Could you set down every entry exactly as it stands, without the images?

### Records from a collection
•••••
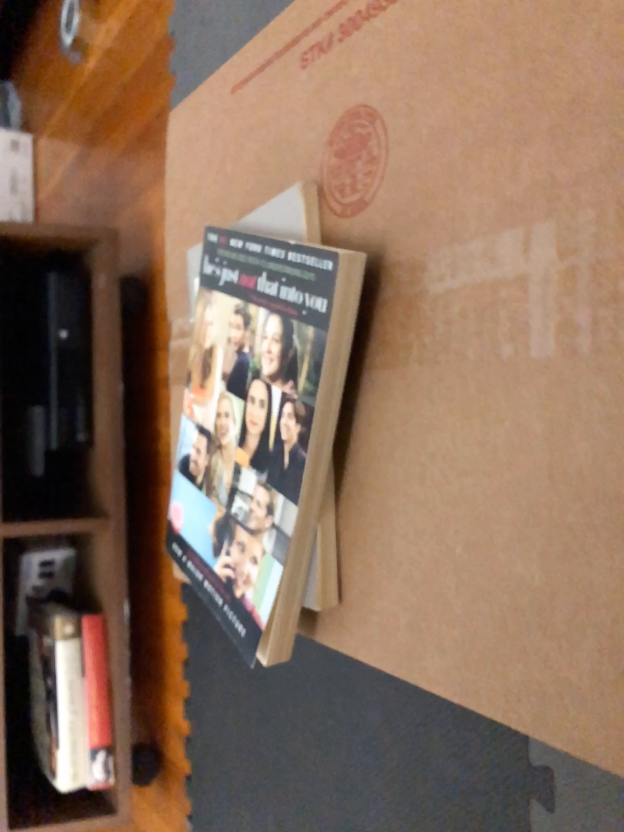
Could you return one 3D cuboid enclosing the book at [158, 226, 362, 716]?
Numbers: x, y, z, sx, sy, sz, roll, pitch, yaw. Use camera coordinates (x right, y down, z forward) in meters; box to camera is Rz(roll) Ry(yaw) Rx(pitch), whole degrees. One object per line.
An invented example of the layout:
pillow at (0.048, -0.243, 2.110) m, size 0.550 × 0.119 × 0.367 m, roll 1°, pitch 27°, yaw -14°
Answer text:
book at (-0.041, 0.019, 0.385) m, size 0.151 × 0.010 × 0.230 m, roll 28°, pitch 113°, yaw 52°
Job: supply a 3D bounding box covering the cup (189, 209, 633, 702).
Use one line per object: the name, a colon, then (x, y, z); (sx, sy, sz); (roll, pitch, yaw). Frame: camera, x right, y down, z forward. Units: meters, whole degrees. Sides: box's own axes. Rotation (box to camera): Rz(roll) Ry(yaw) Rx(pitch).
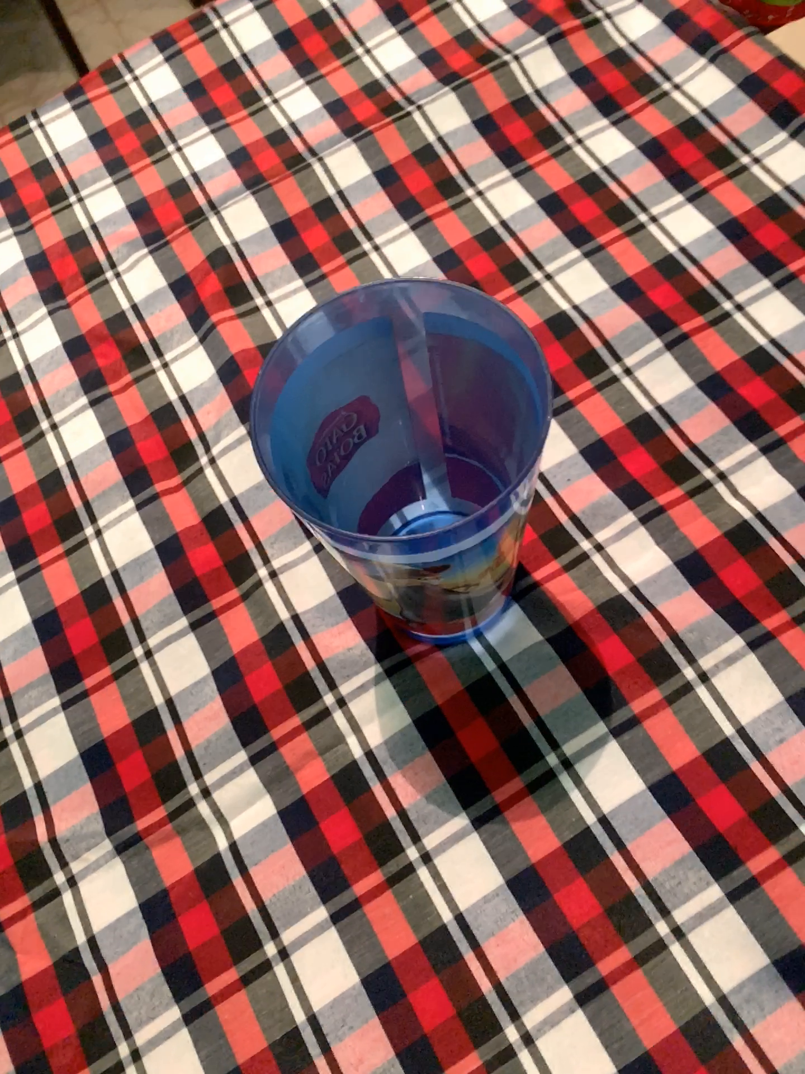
cup: (0.008, -0.019, 0.296); (0.090, 0.130, 0.090); (-3, 66, 6)
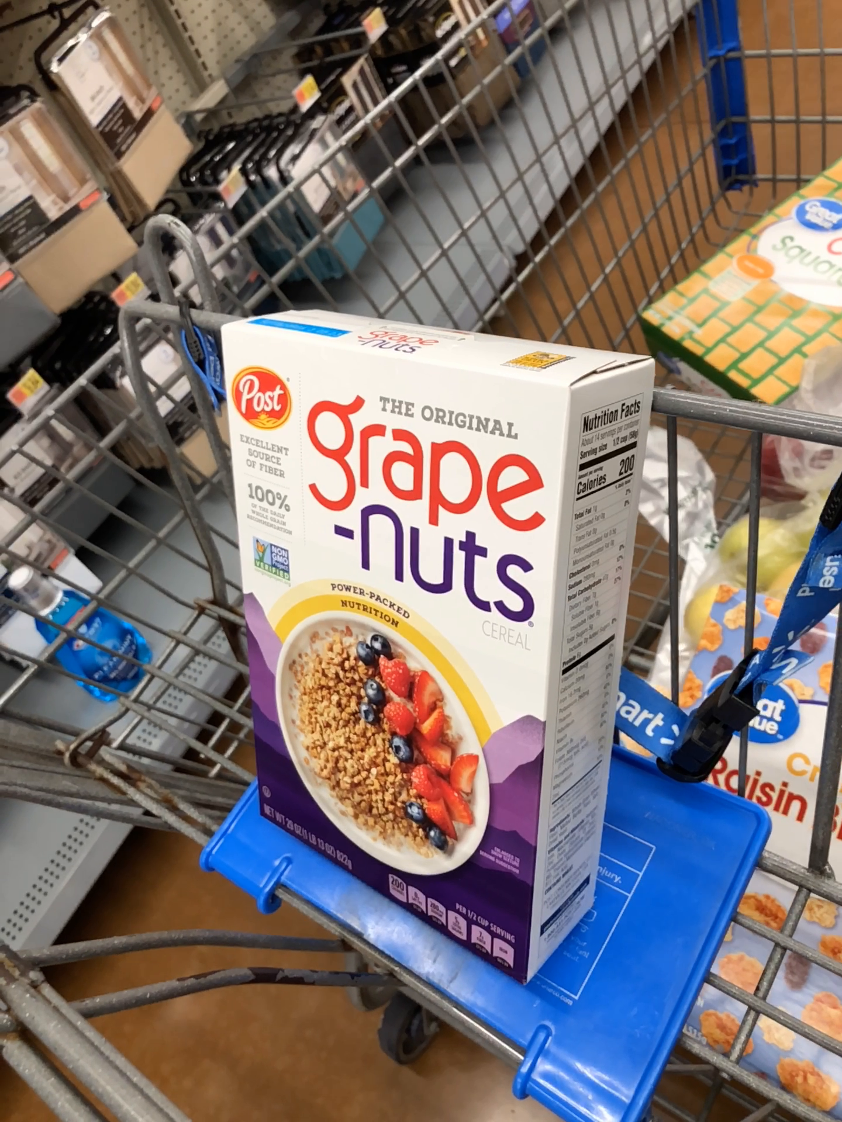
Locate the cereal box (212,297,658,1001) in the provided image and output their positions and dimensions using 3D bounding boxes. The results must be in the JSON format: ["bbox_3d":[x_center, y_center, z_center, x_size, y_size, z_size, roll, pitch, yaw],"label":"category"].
[{"bbox_3d":[-0.005,0.029,0.390,0.171,0.250,0.050,19,28,36],"label":"cereal box"}]
•••••
### EXERCISE OUTPUT
Could you return one 3D cuboid enclosing the book at [158, 226, 362, 716]?
Numbers: x, y, z, sx, sy, sz, roll, pitch, yaw. Use camera coordinates (x right, y down, z forward) in meters; box to camera is Rz(roll) Ry(yaw) Rx(pitch), whole degrees. One object per line.
An invented example of the layout:
pillow at (0.048, -0.243, 2.110) m, size 0.550 × 0.119 × 0.367 m, roll 1°, pitch 27°, yaw -14°
Answer text:
book at (-0.041, 0.019, 0.385) m, size 0.151 × 0.010 × 0.230 m, roll 28°, pitch 113°, yaw 52°
Job: supply a 3D bounding box covering the cup (189, 209, 633, 702).
Use one line per object: the name, a colon, then (x, y, z); (sx, sy, sz); (roll, pitch, yaw). Frame: camera, x right, y down, z forward. Units: meters, whole degrees. Sides: box's own axes. Rotation (box to camera): Rz(roll) Ry(yaw) Rx(pitch).
cup: (0.008, -0.019, 0.296); (0.090, 0.130, 0.090); (-3, 66, 6)
Locate the cereal box (212,297,658,1001) in the provided image and output their positions and dimensions using 3D bounding boxes. The results must be in the JSON format: ["bbox_3d":[x_center, y_center, z_center, x_size, y_size, z_size, roll, pitch, yaw],"label":"category"].
[{"bbox_3d":[-0.005,0.029,0.390,0.171,0.250,0.050,19,28,36],"label":"cereal box"}]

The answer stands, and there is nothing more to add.